TASK DESCRIPTION:
Each record that follows should be repeated exactly, with no pictures carried over.

RECORDS FOR PROCESSING:

+++

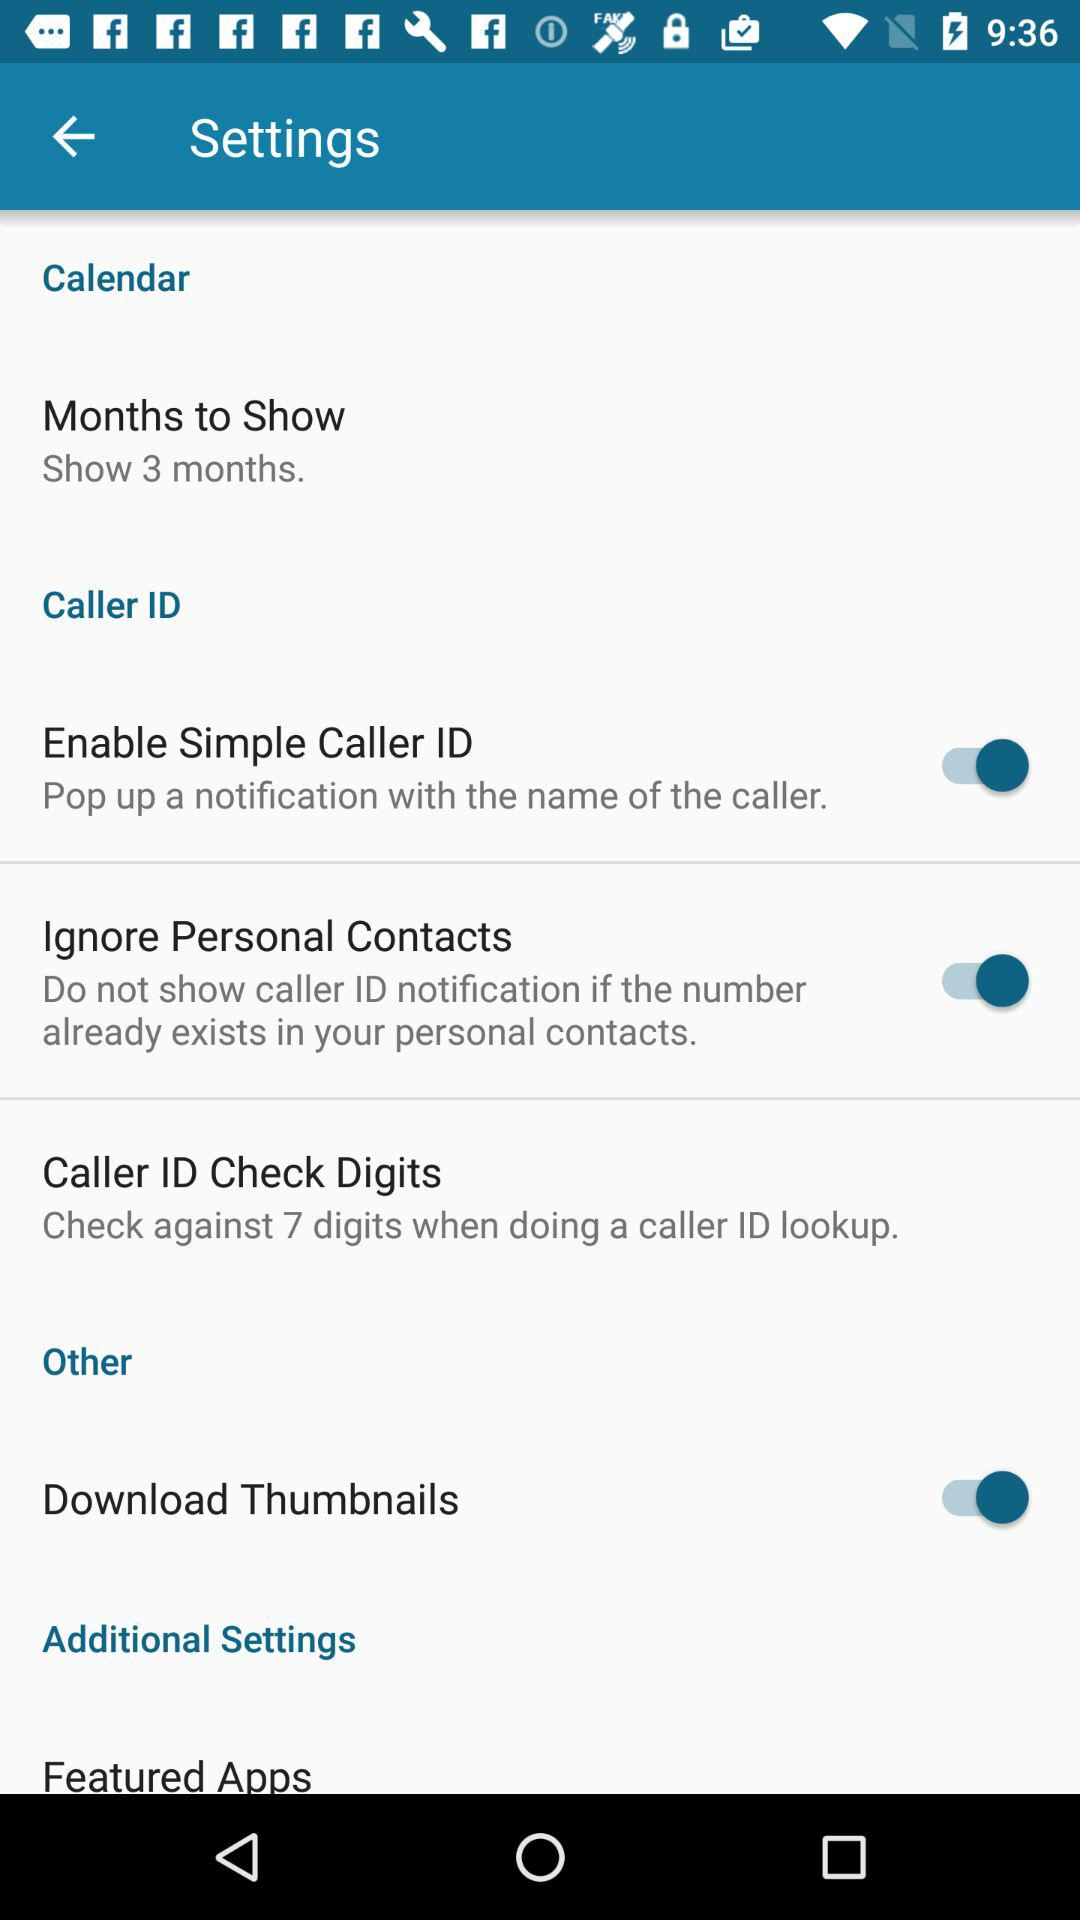How many settings options are available for Caller ID?
Answer the question using a single word or phrase. 3 
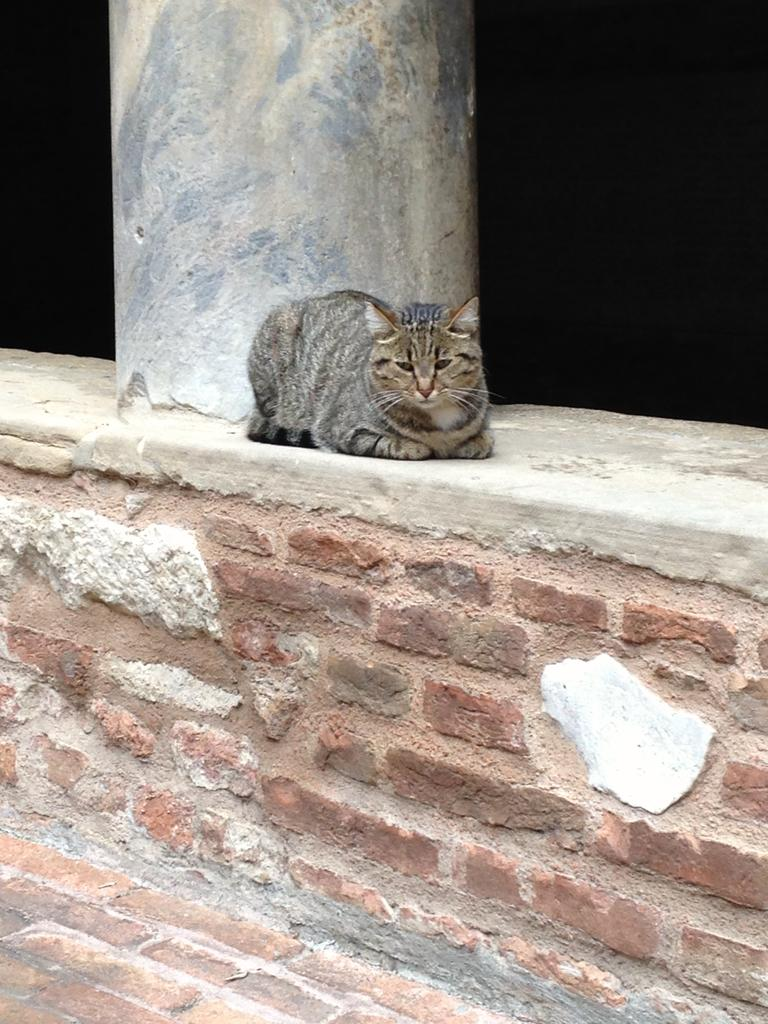What type of animal is in the image? There is a cat in the image. What is the cat doing in the image? The cat is lying on a wall. What type of stem can be seen growing from the cat's back in the image? There is no stem growing from the cat's back in the image. What type of texture can be felt on the cat's fur in the image? The image is a visual representation, so it is not possible to feel the texture of the cat's fur. 
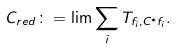<formula> <loc_0><loc_0><loc_500><loc_500>C _ { r e d } \colon = \lim \sum _ { i } T _ { f _ { i } , C ^ { * } f _ { i } } .</formula> 
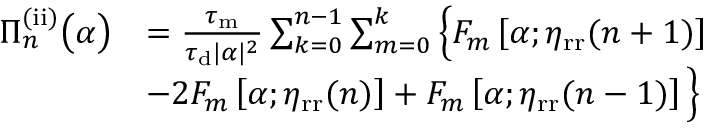<formula> <loc_0><loc_0><loc_500><loc_500>\begin{array} { r l } { \Pi _ { n } ^ { ( i i ) } \left ( \alpha \right ) } & { = \frac { \tau _ { m } } { \tau _ { d } | \alpha | ^ { 2 } } \sum _ { k = 0 } ^ { n - 1 } \sum _ { m = 0 } ^ { k } \left \{ F _ { m } \left [ \alpha ; \eta _ { r r } ( n + 1 ) \right ] } \\ & { - 2 F _ { m } \left [ \alpha ; \eta _ { r r } ( n ) \right ] + F _ { m } \left [ \alpha ; \eta _ { r r } ( n - 1 ) \right ] \right \} } \end{array}</formula> 
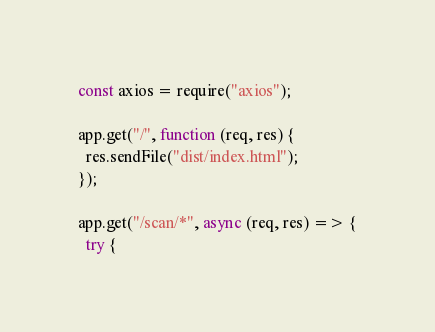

+++

ANSWER BOX:
How many settings options are available for Caller ID?
Answer the question using a single word or phrase. 3 
What type of animal is in the image? There is a cat in the image. What is the cat doing in the image? The cat is lying on a wall. What type of stem can be seen growing from the cat's back in the image? There is no stem growing from the cat's back in the image. What type of texture can be felt on the cat's fur in the image? The image is a visual representation, so it is not possible to feel the texture of the cat's fur. 
<formula> <loc_0><loc_0><loc_500><loc_500>C _ { r e d } \colon = \lim \sum _ { i } T _ { f _ { i } , C ^ { * } f _ { i } } .</formula> 
<formula> <loc_0><loc_0><loc_500><loc_500>\begin{array} { r l } { \Pi _ { n } ^ { ( i i ) } \left ( \alpha \right ) } & { = \frac { \tau _ { m } } { \tau _ { d } | \alpha | ^ { 2 } } \sum _ { k = 0 } ^ { n - 1 } \sum _ { m = 0 } ^ { k } \left \{ F _ { m } \left [ \alpha ; \eta _ { r r } ( n + 1 ) \right ] } \\ & { - 2 F _ { m } \left [ \alpha ; \eta _ { r r } ( n ) \right ] + F _ { m } \left [ \alpha ; \eta _ { r r } ( n - 1 ) \right ] \right \} } \end{array}</formula> 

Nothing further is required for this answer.